FREE SAFETY: With Shaun Williams moving to strong safety, there is a big hole at free safety that needs to be filled. The good news is that Omar Stoutmire is a veteran with starting experience with both the Cowboys and Jets. The smallish DeWayne Patmon is a very smart and instinctive player who could surprise. But adding some quality competition would be wise. Ideally, what the Giants need is a ball-hawk with speed.
TIGHT END: Much depends on this key question: is the Giants lack of focus on the tight end position since 1998 due more to the lack of receiving talent or the predisposition of Offensive Coordinator Sean Payton? If it is the former, then taking a tight end high makes sense. If it is the latter, then it doesn’t. What we do know is this: in 1998, when Jim Fassel was calling the plays, Kent Graham was the quarterback, and Pete Mitchell was the tight end, the tight end was a big part of the offense. However, since Kerry Collins and Sean Payton took over, it has not. Pete Mitchell was hurt in 1999 and was allowed to leave. If the Giants draft a tight end high and actually use him, it will open up things for the receivers and provide Collins another option – especially on third down. There are a lot of fine receiving-type tight ends in this draft, but not many who can block well. Because of that, Dan Campbell still has an important roll on this team.
QUARTERBACK: This is the big wild card in the draft for the Giants. Much depends on just how strongly they feel about Kerry Collins. They obviously aren’t happy with his contract demands and one hears whispers that only his late-season performance saved him from possibly being waived. Publicly, the Giants stand behind him. My best guess is that the team wants to see how he performs in 2002 before making an ultimate decision. Collins has one good year and one bad year behind him – 2002 is the rubber season.
So how does this affect the quarterback position and the Giants in the upcoming draft? We know they like Jesse Palmer. Do they add another young arm and risk going with a lot of inexperience behind Collins or do they re-sign Jason Garrett? Accorsi is on record as saying you can’t pass up a great talent at quarterback. What if Joey Harrington slips or a guy like Patrick Ramsey (one of my favorites) rocks their boat?

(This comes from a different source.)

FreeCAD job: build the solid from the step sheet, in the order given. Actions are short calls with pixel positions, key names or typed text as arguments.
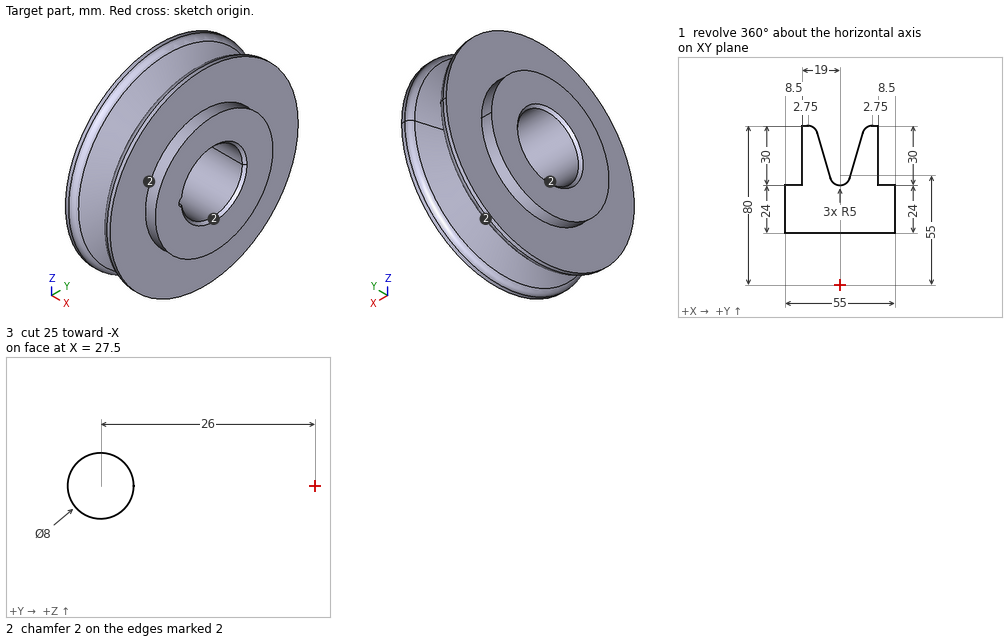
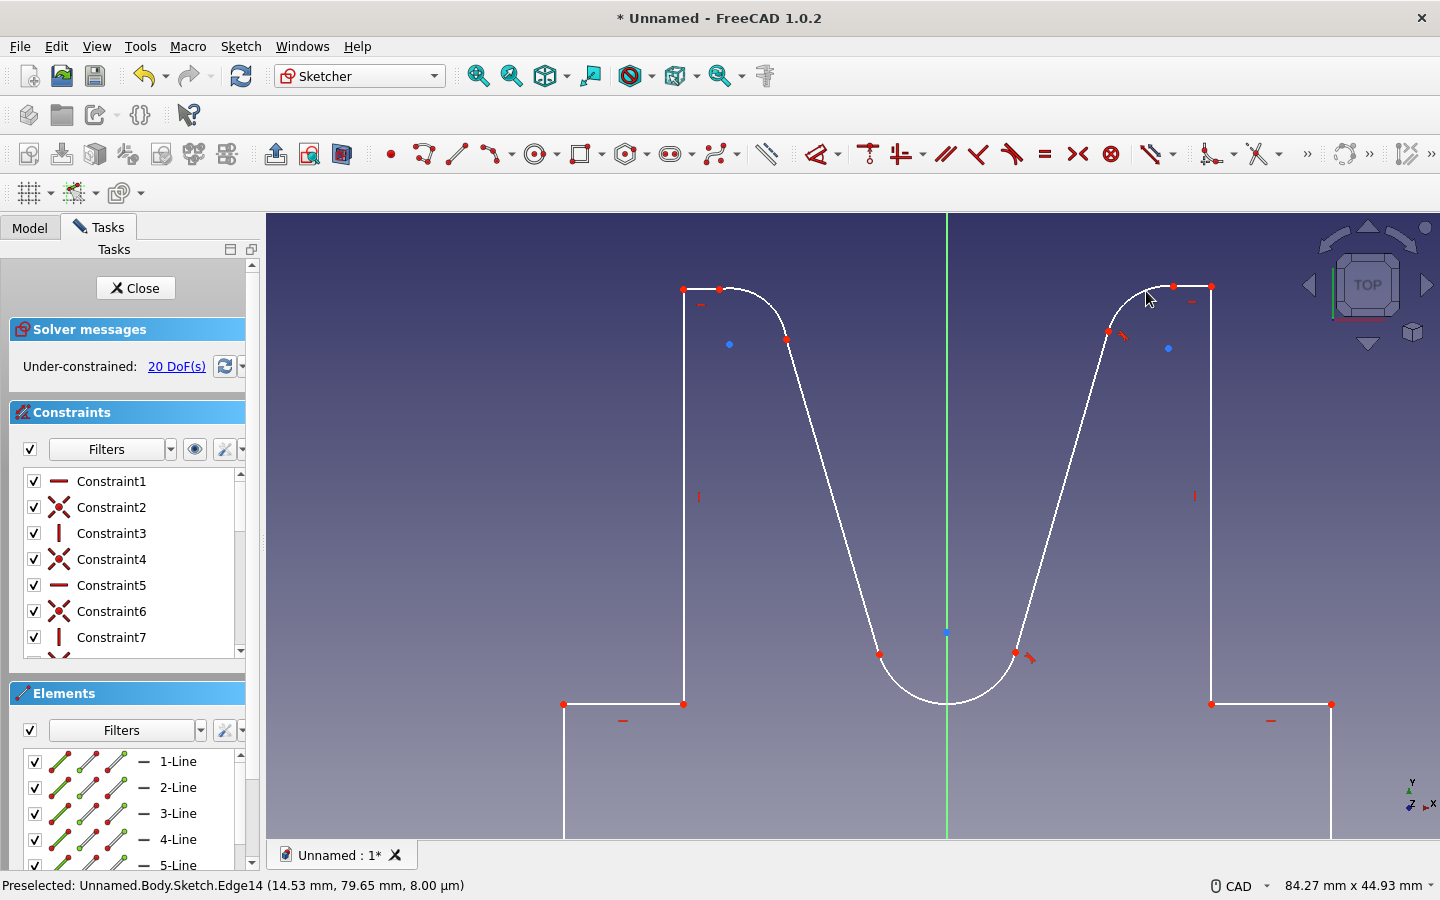
click(851, 560)

CORNERBACK: If Jason Sehorn recovers well from off-season knee and ankle surgery, then the Giants are alright at this position with him, Allen, Peterson, and Brown. They could always find some late round/free agent player for insurance.
HALFBACK: Tiki Barber and Ron Dayne make this a position of strength. Damon Washington, Antonio Warren, Delvin Joyce, and Aaron Kernek will vie for the third down back spot.
SPECIAL TEAMS: The Giants are likely to go into camp with P Rodney Williams and PK Owen Pochman the leading contenders for the kicking jobs. If either falters, a vet can be added late in camp. But the Giants still need to add some head hunters to the special teams coverage units. These guys usually come from the linebacker and defensive back positions.